_Work request_
Set every entry down again, unchanged, picture-free.

_Extracted entries_
▼
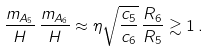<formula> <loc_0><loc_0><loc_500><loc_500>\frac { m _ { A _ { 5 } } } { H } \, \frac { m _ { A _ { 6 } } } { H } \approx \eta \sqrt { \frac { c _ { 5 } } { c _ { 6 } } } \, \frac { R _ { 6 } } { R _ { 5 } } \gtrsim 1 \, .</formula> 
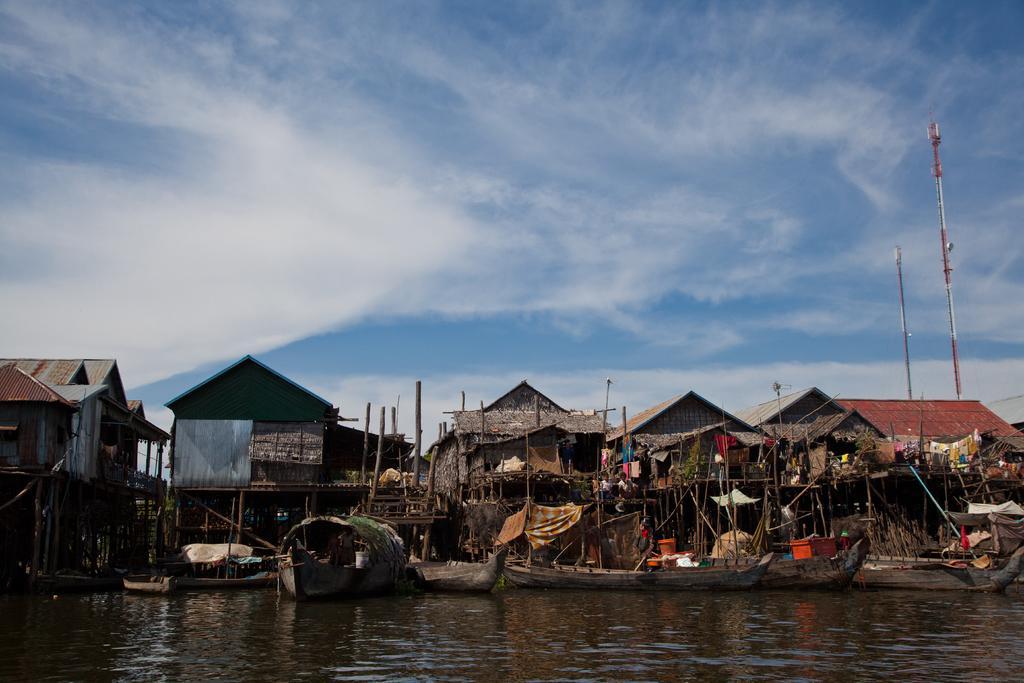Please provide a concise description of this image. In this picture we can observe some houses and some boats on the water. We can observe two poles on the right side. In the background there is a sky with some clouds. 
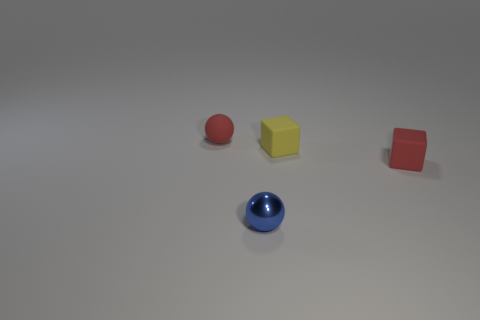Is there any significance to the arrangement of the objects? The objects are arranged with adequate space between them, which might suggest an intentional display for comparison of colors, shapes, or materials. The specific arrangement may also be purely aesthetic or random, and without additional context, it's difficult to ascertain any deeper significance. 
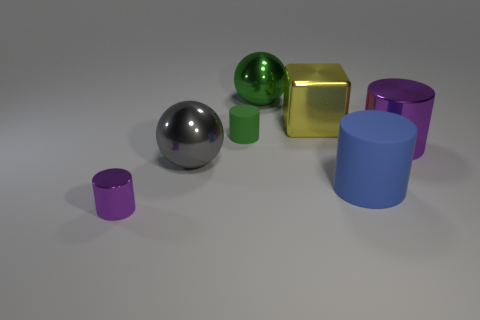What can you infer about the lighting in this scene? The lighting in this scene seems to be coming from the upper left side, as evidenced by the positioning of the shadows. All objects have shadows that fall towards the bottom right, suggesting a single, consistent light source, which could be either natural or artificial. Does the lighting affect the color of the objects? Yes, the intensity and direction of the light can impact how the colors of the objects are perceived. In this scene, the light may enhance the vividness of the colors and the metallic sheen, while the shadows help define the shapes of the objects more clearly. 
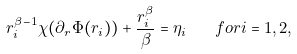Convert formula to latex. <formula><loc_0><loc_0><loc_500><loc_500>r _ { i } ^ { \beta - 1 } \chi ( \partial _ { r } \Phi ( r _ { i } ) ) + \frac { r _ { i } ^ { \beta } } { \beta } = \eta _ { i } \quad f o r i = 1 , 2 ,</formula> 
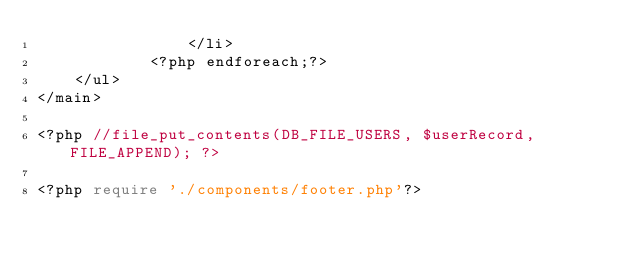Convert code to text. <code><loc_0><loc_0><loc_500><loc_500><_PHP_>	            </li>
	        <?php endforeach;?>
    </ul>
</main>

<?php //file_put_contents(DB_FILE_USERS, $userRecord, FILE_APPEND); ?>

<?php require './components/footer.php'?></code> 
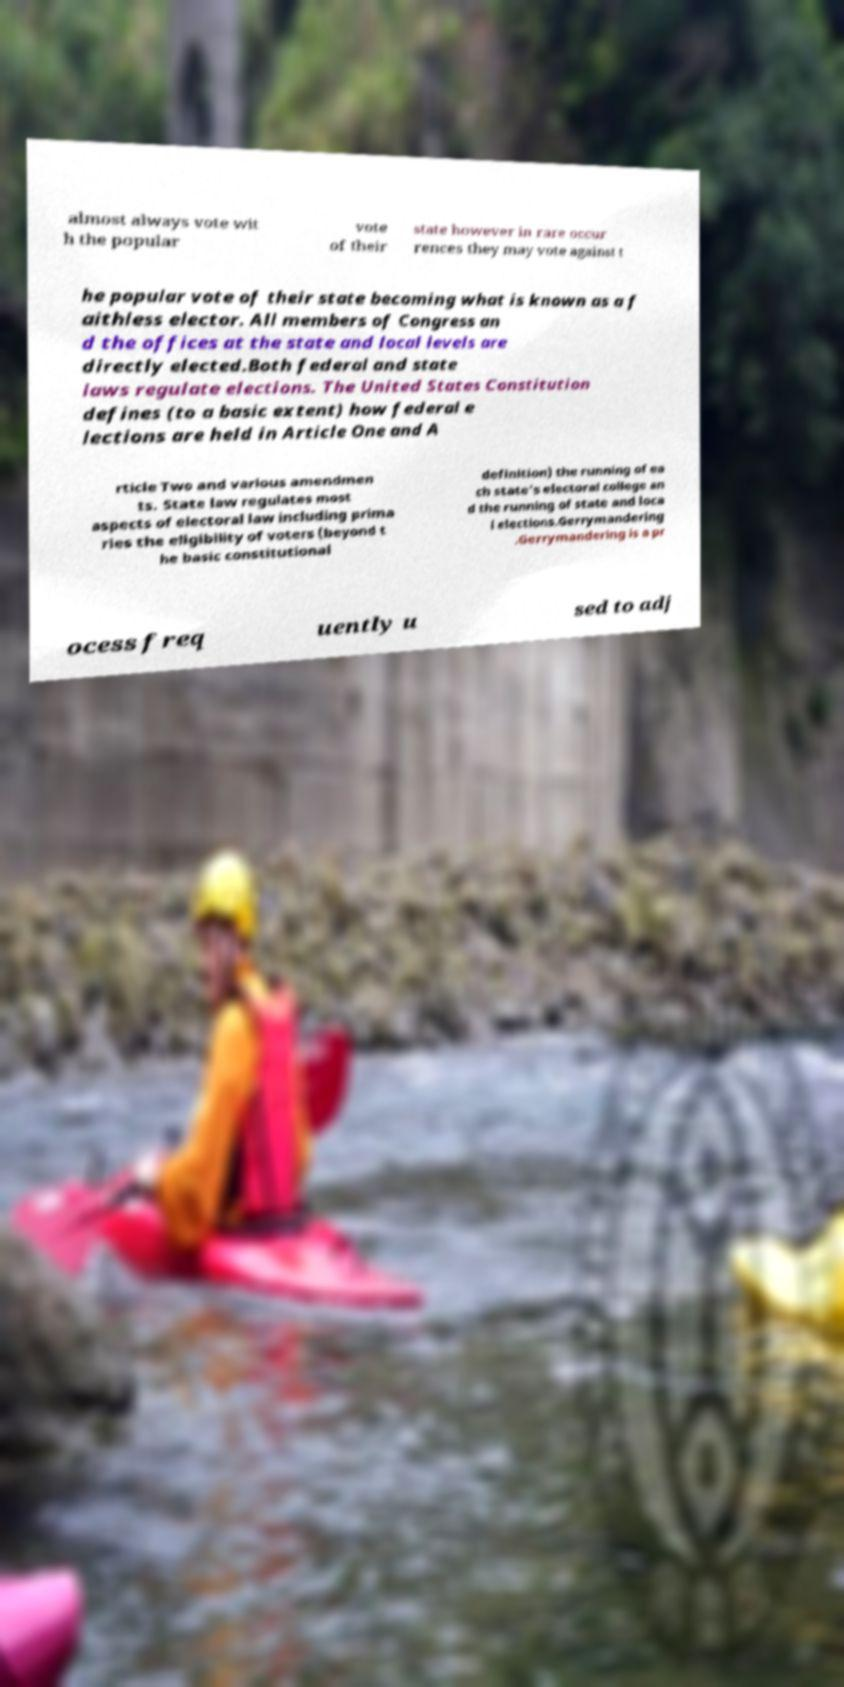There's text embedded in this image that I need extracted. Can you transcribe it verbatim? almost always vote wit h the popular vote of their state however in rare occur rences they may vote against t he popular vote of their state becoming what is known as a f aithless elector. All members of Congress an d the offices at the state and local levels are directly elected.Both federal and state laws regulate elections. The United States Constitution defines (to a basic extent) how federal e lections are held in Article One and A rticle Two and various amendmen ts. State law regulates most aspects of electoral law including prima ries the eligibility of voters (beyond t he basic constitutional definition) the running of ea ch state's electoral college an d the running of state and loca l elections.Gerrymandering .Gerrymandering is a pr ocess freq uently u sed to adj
▲
_Task result_
<formula> <loc_0><loc_0><loc_500><loc_500>\frac { m _ { A _ { 5 } } } { H } \, \frac { m _ { A _ { 6 } } } { H } \approx \eta \sqrt { \frac { c _ { 5 } } { c _ { 6 } } } \, \frac { R _ { 6 } } { R _ { 5 } } \gtrsim 1 \, .</formula> 
Please provide a concise description of this image. In this picture we can observe some houses and some boats on the water. We can observe two poles on the right side. In the background there is a sky with some clouds. 
Is there any significance to the arrangement of the objects? The objects are arranged with adequate space between them, which might suggest an intentional display for comparison of colors, shapes, or materials. The specific arrangement may also be purely aesthetic or random, and without additional context, it's difficult to ascertain any deeper significance. 
What can you infer about the lighting in this scene? The lighting in this scene seems to be coming from the upper left side, as evidenced by the positioning of the shadows. All objects have shadows that fall towards the bottom right, suggesting a single, consistent light source, which could be either natural or artificial. Does the lighting affect the color of the objects? Yes, the intensity and direction of the light can impact how the colors of the objects are perceived. In this scene, the light may enhance the vividness of the colors and the metallic sheen, while the shadows help define the shapes of the objects more clearly. 
Convert formula to latex. <formula><loc_0><loc_0><loc_500><loc_500>r _ { i } ^ { \beta - 1 } \chi ( \partial _ { r } \Phi ( r _ { i } ) ) + \frac { r _ { i } ^ { \beta } } { \beta } = \eta _ { i } \quad f o r i = 1 , 2 ,</formula> 
Convert code to text. <code><loc_0><loc_0><loc_500><loc_500><_PHP_>	            </li>
	        <?php endforeach;?>
    </ul>
</main>

<?php //file_put_contents(DB_FILE_USERS, $userRecord, FILE_APPEND); ?>

<?php require './components/footer.php'?></code> 
There's text embedded in this image that I need extracted. Can you transcribe it verbatim? almost always vote wit h the popular vote of their state however in rare occur rences they may vote against t he popular vote of their state becoming what is known as a f aithless elector. All members of Congress an d the offices at the state and local levels are directly elected.Both federal and state laws regulate elections. The United States Constitution defines (to a basic extent) how federal e lections are held in Article One and A rticle Two and various amendmen ts. State law regulates most aspects of electoral law including prima ries the eligibility of voters (beyond t he basic constitutional definition) the running of ea ch state's electoral college an d the running of state and loca l elections.Gerrymandering .Gerrymandering is a pr ocess freq uently u sed to adj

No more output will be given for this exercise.